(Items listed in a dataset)
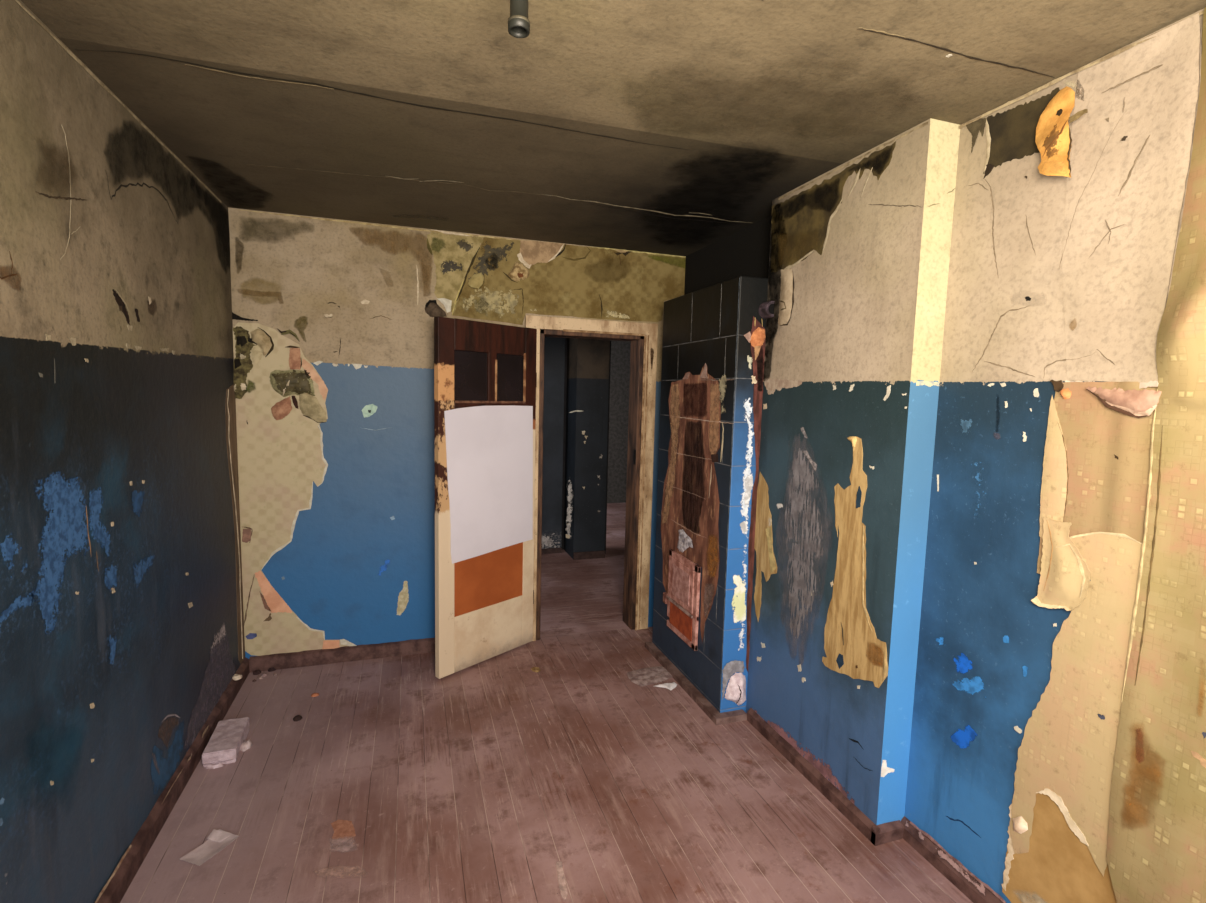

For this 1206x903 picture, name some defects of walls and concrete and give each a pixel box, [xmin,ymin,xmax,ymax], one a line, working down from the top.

leakage [105,123,305,302]
crack [15,0,688,258]
leakage [354,229,483,315]
peeling [771,141,896,326]
peeling [966,86,1088,179]
crack [860,10,1204,274]
crack [973,305,1115,377]
peeling [0,471,118,638]
peeling [225,322,368,664]
spalling [722,316,802,706]
peeling [952,653,986,698]
peeling [1010,517,1142,877]
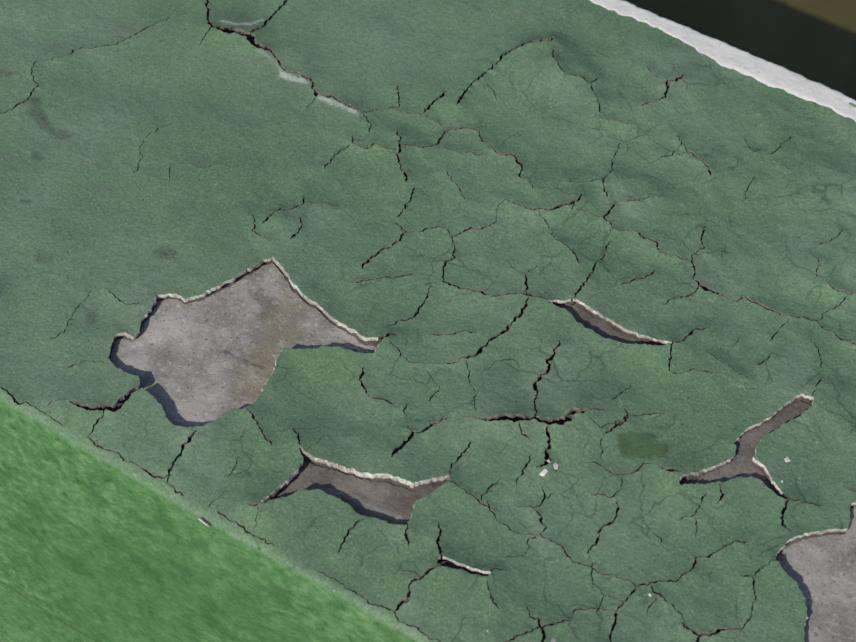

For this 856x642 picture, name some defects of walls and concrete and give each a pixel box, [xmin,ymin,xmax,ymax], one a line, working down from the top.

crack [0,0,856,496]
peeling [108,257,385,438]
peeling [548,298,672,345]
crack [210,456,274,545]
peeling [259,445,450,534]
crack [317,522,443,642]
crack [448,441,774,642]
peeling [679,394,814,503]
crack [780,493,821,533]
peeling [774,503,856,642]
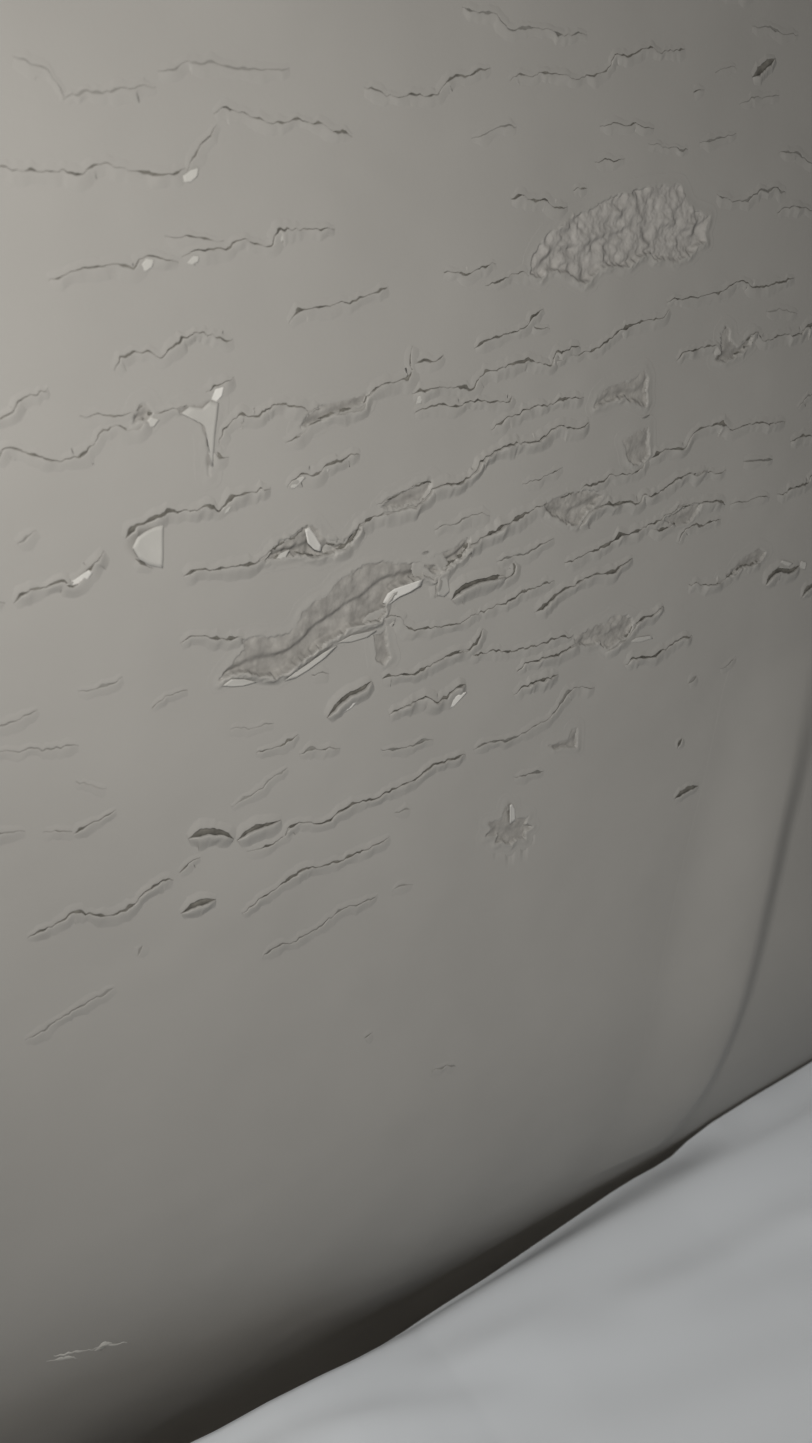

## [How to complete this task]
Whenever images occur above, omit them and retype each line exactly as it stands.

## [Answer to this task]
For this 1206x903 picture, name some defects of walls and concrete and give each a pixel box, [xmin,ymin,xmax,ymax], one a line, working down from the top.

leakage [105,123,305,302]
crack [15,0,688,258]
leakage [354,229,483,315]
peeling [771,141,896,326]
peeling [966,86,1088,179]
crack [860,10,1204,274]
crack [973,305,1115,377]
peeling [0,471,118,638]
peeling [225,322,368,664]
spalling [722,316,802,706]
peeling [952,653,986,698]
peeling [1010,517,1142,877]

For this 856x642 picture, name some defects of walls and concrete and give each a pixel box, [xmin,ymin,xmax,ymax], one a line, working down from the top.

crack [0,0,856,496]
peeling [108,257,385,438]
peeling [548,298,672,345]
crack [210,456,274,545]
peeling [259,445,450,534]
crack [317,522,443,642]
crack [448,441,774,642]
peeling [679,394,814,503]
crack [780,493,821,533]
peeling [774,503,856,642]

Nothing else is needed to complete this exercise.